Hunt through the lines below for the string "concise" and copy each one that has it.
(Data to examine Opens)
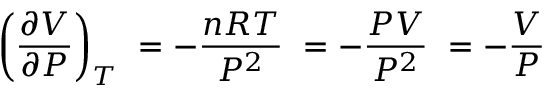Convert formula to latex. <formula><loc_0><loc_0><loc_500><loc_500>\left ( { \frac { \partial V } { \partial P } } \right ) _ { T } \ = - { \frac { n R T } { P ^ { 2 } } } \ = - { \frac { P V } { P ^ { 2 } } } \ = - { \frac { V } { P } }</formula> 
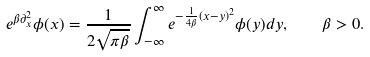Convert formula to latex. <formula><loc_0><loc_0><loc_500><loc_500>e ^ { \beta \partial _ { x } ^ { 2 } } \phi ( x ) = \frac { 1 } { 2 \sqrt { \pi \beta } } \int _ { - \infty } ^ { \infty } e ^ { - \frac { 1 } { 4 \beta } ( x - y ) ^ { 2 } } \phi ( y ) d y , \quad \beta > 0 .</formula> 
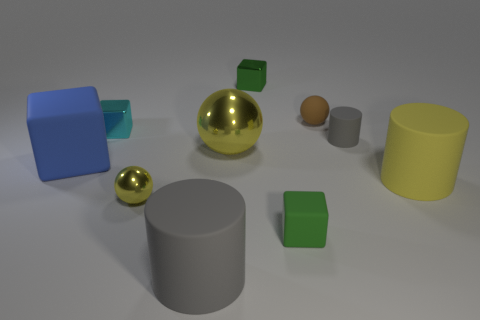Are the yellow cylinder that is to the right of the tiny brown rubber object and the green block behind the tiny metallic ball made of the same material?
Ensure brevity in your answer.  No. How many large things are either gray shiny spheres or cyan cubes?
Your response must be concise. 0. The small yellow thing that is made of the same material as the large yellow ball is what shape?
Offer a very short reply. Sphere. Is the number of tiny brown rubber spheres behind the tiny yellow metal sphere less than the number of tiny green rubber cubes?
Offer a very short reply. No. Does the small brown rubber thing have the same shape as the large yellow rubber object?
Provide a short and direct response. No. What number of matte things are either large gray cylinders or gray objects?
Offer a terse response. 2. Is there a green metallic block that has the same size as the matte sphere?
Make the answer very short. Yes. There is a metallic thing that is the same color as the tiny shiny ball; what is its shape?
Your response must be concise. Sphere. What number of yellow objects are the same size as the brown matte ball?
Provide a short and direct response. 1. There is a rubber cube in front of the blue thing; does it have the same size as the rubber sphere that is behind the big blue block?
Make the answer very short. Yes. 
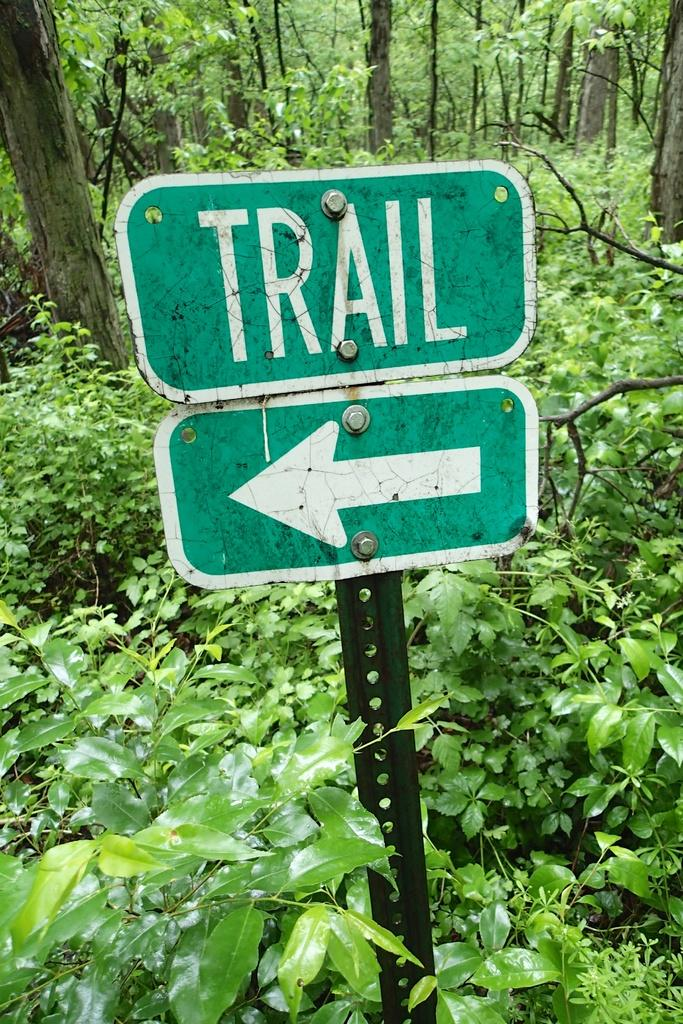<image>
Offer a succinct explanation of the picture presented. A green sign with an arrow says Trail and is in thick woods. 
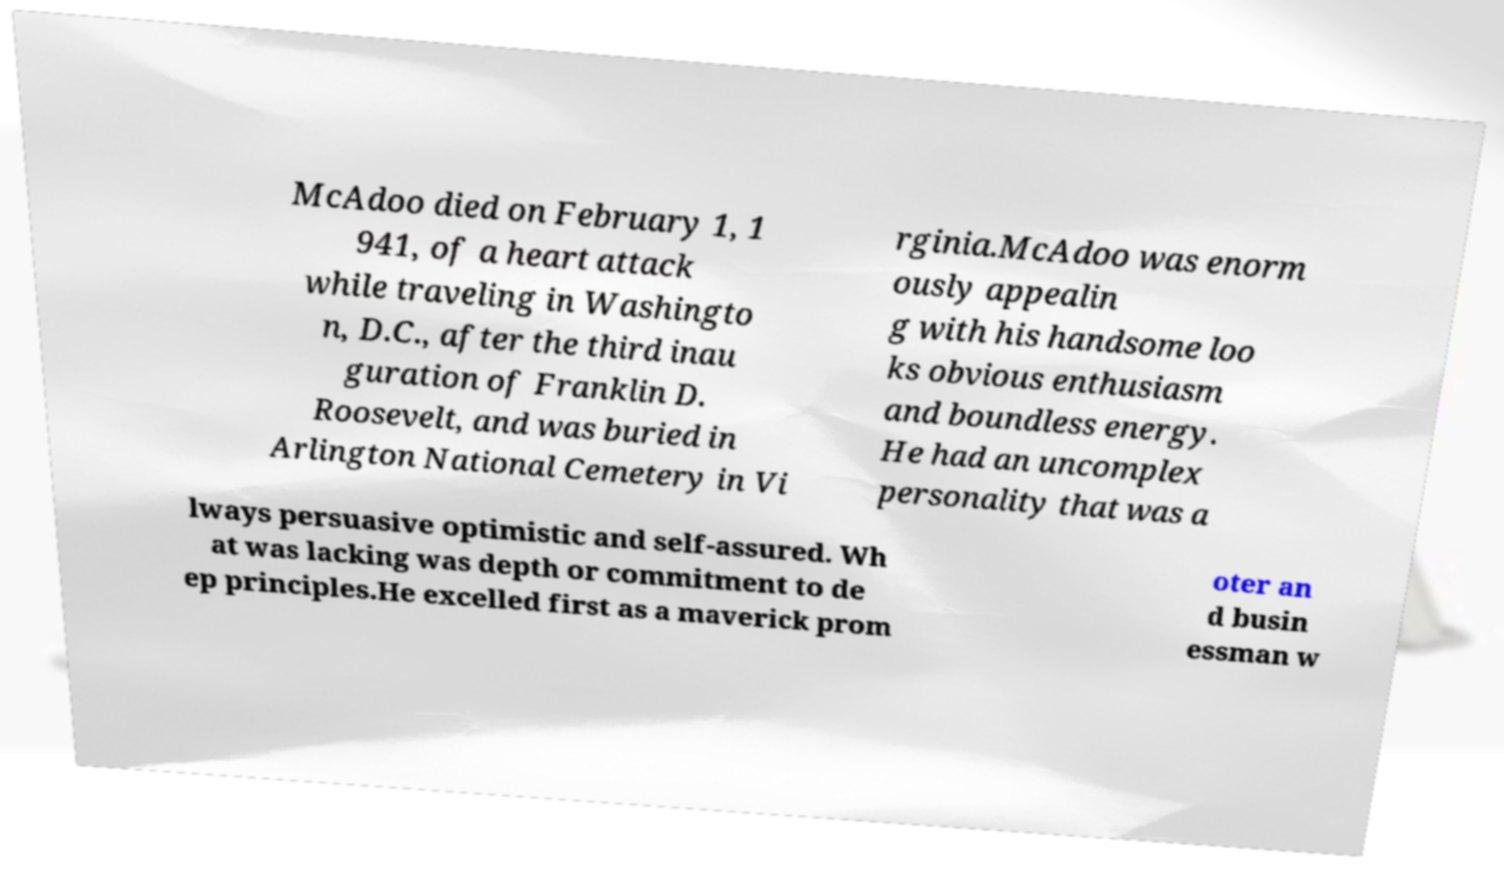Can you accurately transcribe the text from the provided image for me? McAdoo died on February 1, 1 941, of a heart attack while traveling in Washingto n, D.C., after the third inau guration of Franklin D. Roosevelt, and was buried in Arlington National Cemetery in Vi rginia.McAdoo was enorm ously appealin g with his handsome loo ks obvious enthusiasm and boundless energy. He had an uncomplex personality that was a lways persuasive optimistic and self-assured. Wh at was lacking was depth or commitment to de ep principles.He excelled first as a maverick prom oter an d busin essman w 
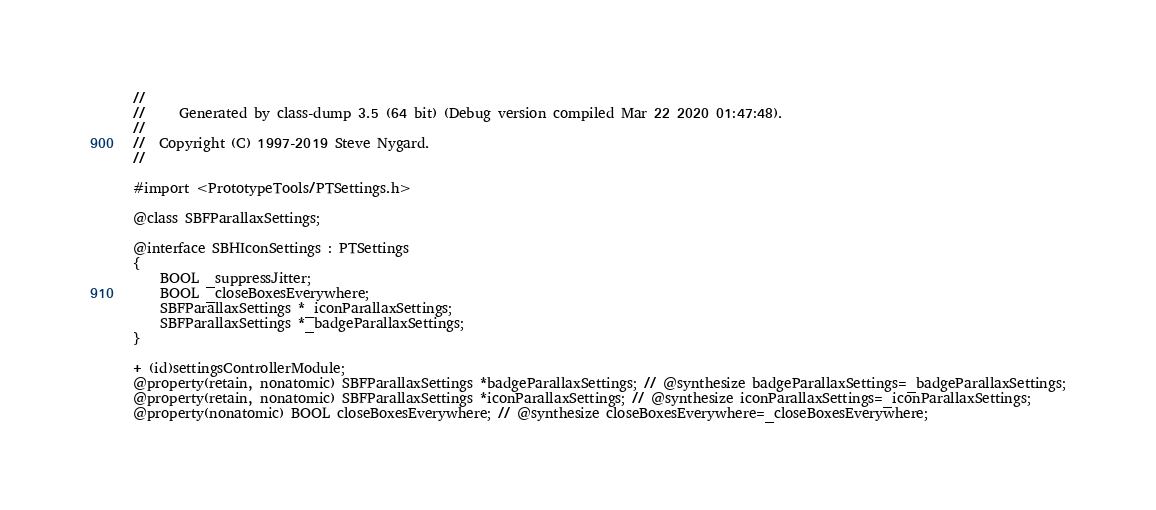<code> <loc_0><loc_0><loc_500><loc_500><_C_>//
//     Generated by class-dump 3.5 (64 bit) (Debug version compiled Mar 22 2020 01:47:48).
//
//  Copyright (C) 1997-2019 Steve Nygard.
//

#import <PrototypeTools/PTSettings.h>

@class SBFParallaxSettings;

@interface SBHIconSettings : PTSettings
{
    BOOL _suppressJitter;
    BOOL _closeBoxesEverywhere;
    SBFParallaxSettings *_iconParallaxSettings;
    SBFParallaxSettings *_badgeParallaxSettings;
}

+ (id)settingsControllerModule;
@property(retain, nonatomic) SBFParallaxSettings *badgeParallaxSettings; // @synthesize badgeParallaxSettings=_badgeParallaxSettings;
@property(retain, nonatomic) SBFParallaxSettings *iconParallaxSettings; // @synthesize iconParallaxSettings=_iconParallaxSettings;
@property(nonatomic) BOOL closeBoxesEverywhere; // @synthesize closeBoxesEverywhere=_closeBoxesEverywhere;</code> 
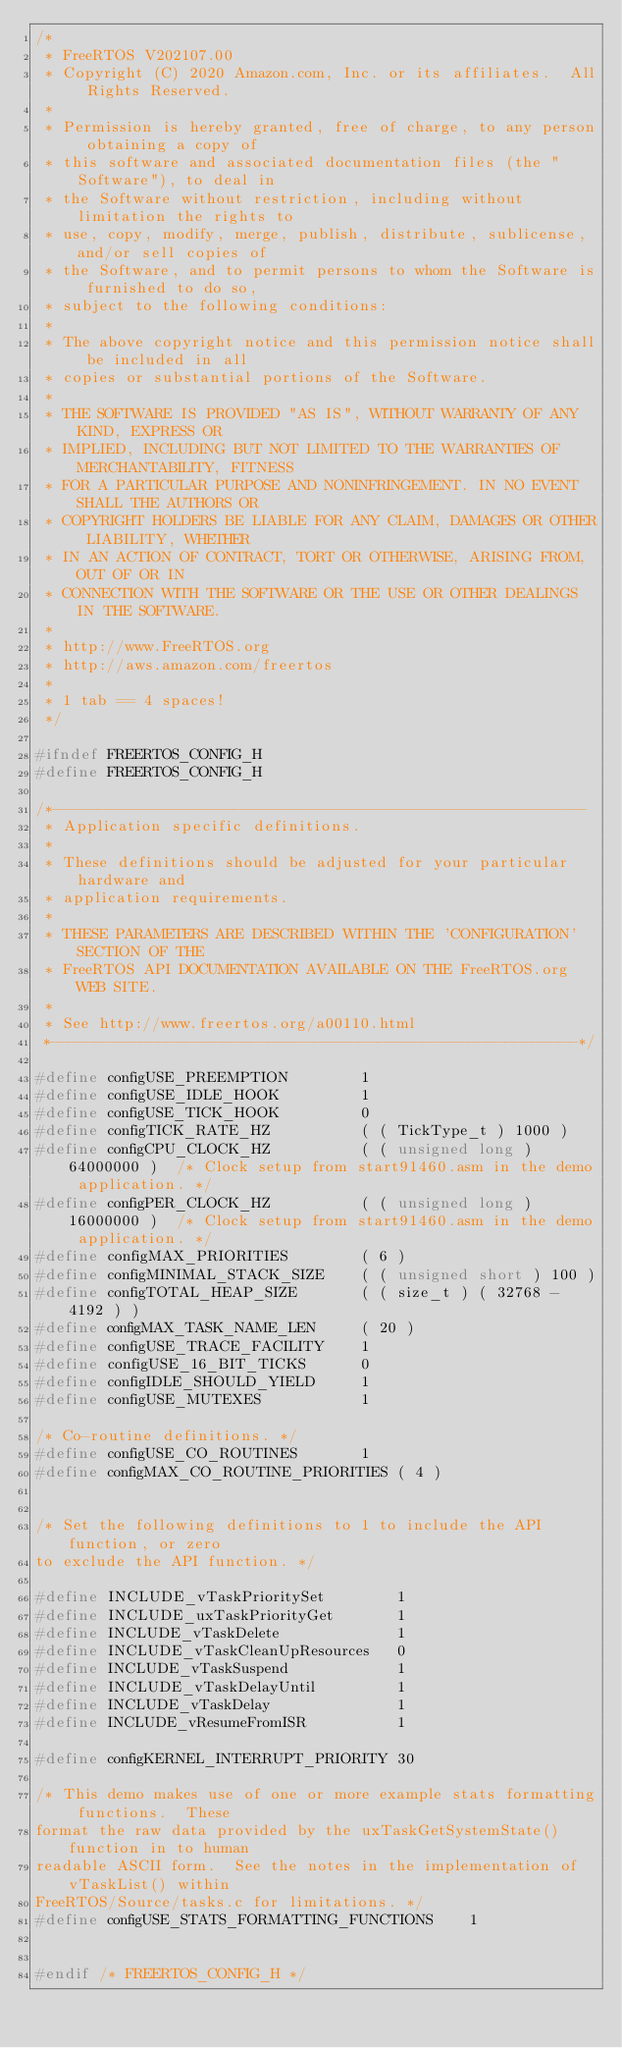<code> <loc_0><loc_0><loc_500><loc_500><_C_>/*
 * FreeRTOS V202107.00
 * Copyright (C) 2020 Amazon.com, Inc. or its affiliates.  All Rights Reserved.
 *
 * Permission is hereby granted, free of charge, to any person obtaining a copy of
 * this software and associated documentation files (the "Software"), to deal in
 * the Software without restriction, including without limitation the rights to
 * use, copy, modify, merge, publish, distribute, sublicense, and/or sell copies of
 * the Software, and to permit persons to whom the Software is furnished to do so,
 * subject to the following conditions:
 *
 * The above copyright notice and this permission notice shall be included in all
 * copies or substantial portions of the Software.
 *
 * THE SOFTWARE IS PROVIDED "AS IS", WITHOUT WARRANTY OF ANY KIND, EXPRESS OR
 * IMPLIED, INCLUDING BUT NOT LIMITED TO THE WARRANTIES OF MERCHANTABILITY, FITNESS
 * FOR A PARTICULAR PURPOSE AND NONINFRINGEMENT. IN NO EVENT SHALL THE AUTHORS OR
 * COPYRIGHT HOLDERS BE LIABLE FOR ANY CLAIM, DAMAGES OR OTHER LIABILITY, WHETHER
 * IN AN ACTION OF CONTRACT, TORT OR OTHERWISE, ARISING FROM, OUT OF OR IN
 * CONNECTION WITH THE SOFTWARE OR THE USE OR OTHER DEALINGS IN THE SOFTWARE.
 *
 * http://www.FreeRTOS.org
 * http://aws.amazon.com/freertos
 *
 * 1 tab == 4 spaces!
 */

#ifndef FREERTOS_CONFIG_H
#define FREERTOS_CONFIG_H

/*-----------------------------------------------------------
 * Application specific definitions.
 *
 * These definitions should be adjusted for your particular hardware and
 * application requirements.
 *
 * THESE PARAMETERS ARE DESCRIBED WITHIN THE 'CONFIGURATION' SECTION OF THE
 * FreeRTOS API DOCUMENTATION AVAILABLE ON THE FreeRTOS.org WEB SITE. 
 *
 * See http://www.freertos.org/a00110.html
 *----------------------------------------------------------*/

#define configUSE_PREEMPTION		1
#define configUSE_IDLE_HOOK			1
#define configUSE_TICK_HOOK			0
#define configTICK_RATE_HZ			( ( TickType_t ) 1000 )
#define configCPU_CLOCK_HZ			( ( unsigned long ) 64000000 )  /* Clock setup from start91460.asm in the demo application. */
#define configPER_CLOCK_HZ			( ( unsigned long ) 16000000 )  /* Clock setup from start91460.asm in the demo application. */
#define configMAX_PRIORITIES		( 6 )
#define configMINIMAL_STACK_SIZE	( ( unsigned short ) 100 )
#define configTOTAL_HEAP_SIZE		( ( size_t ) ( 32768 - 4192 ) )
#define configMAX_TASK_NAME_LEN		( 20 )
#define configUSE_TRACE_FACILITY	1
#define configUSE_16_BIT_TICKS		0
#define configIDLE_SHOULD_YIELD		1
#define configUSE_MUTEXES           1

/* Co-routine definitions. */
#define configUSE_CO_ROUTINES 		1
#define configMAX_CO_ROUTINE_PRIORITIES ( 4 )


/* Set the following definitions to 1 to include the API function, or zero
to exclude the API function. */

#define INCLUDE_vTaskPrioritySet		1
#define INCLUDE_uxTaskPriorityGet		1
#define INCLUDE_vTaskDelete				1
#define INCLUDE_vTaskCleanUpResources	0
#define INCLUDE_vTaskSuspend			1
#define INCLUDE_vTaskDelayUntil			1
#define INCLUDE_vTaskDelay				1
#define INCLUDE_vResumeFromISR          1

#define configKERNEL_INTERRUPT_PRIORITY 30

/* This demo makes use of one or more example stats formatting functions.  These
format the raw data provided by the uxTaskGetSystemState() function in to human
readable ASCII form.  See the notes in the implementation of vTaskList() within 
FreeRTOS/Source/tasks.c for limitations. */
#define configUSE_STATS_FORMATTING_FUNCTIONS	1


#endif /* FREERTOS_CONFIG_H */
</code>
(Data to examine Closes)
▶ **Response to the task**
Your response must be concise. 0. The small yellow thing that is made of the same material as the large yellow ball is what shape?
Your response must be concise. Sphere. What number of yellow objects are the same size as the brown matte ball?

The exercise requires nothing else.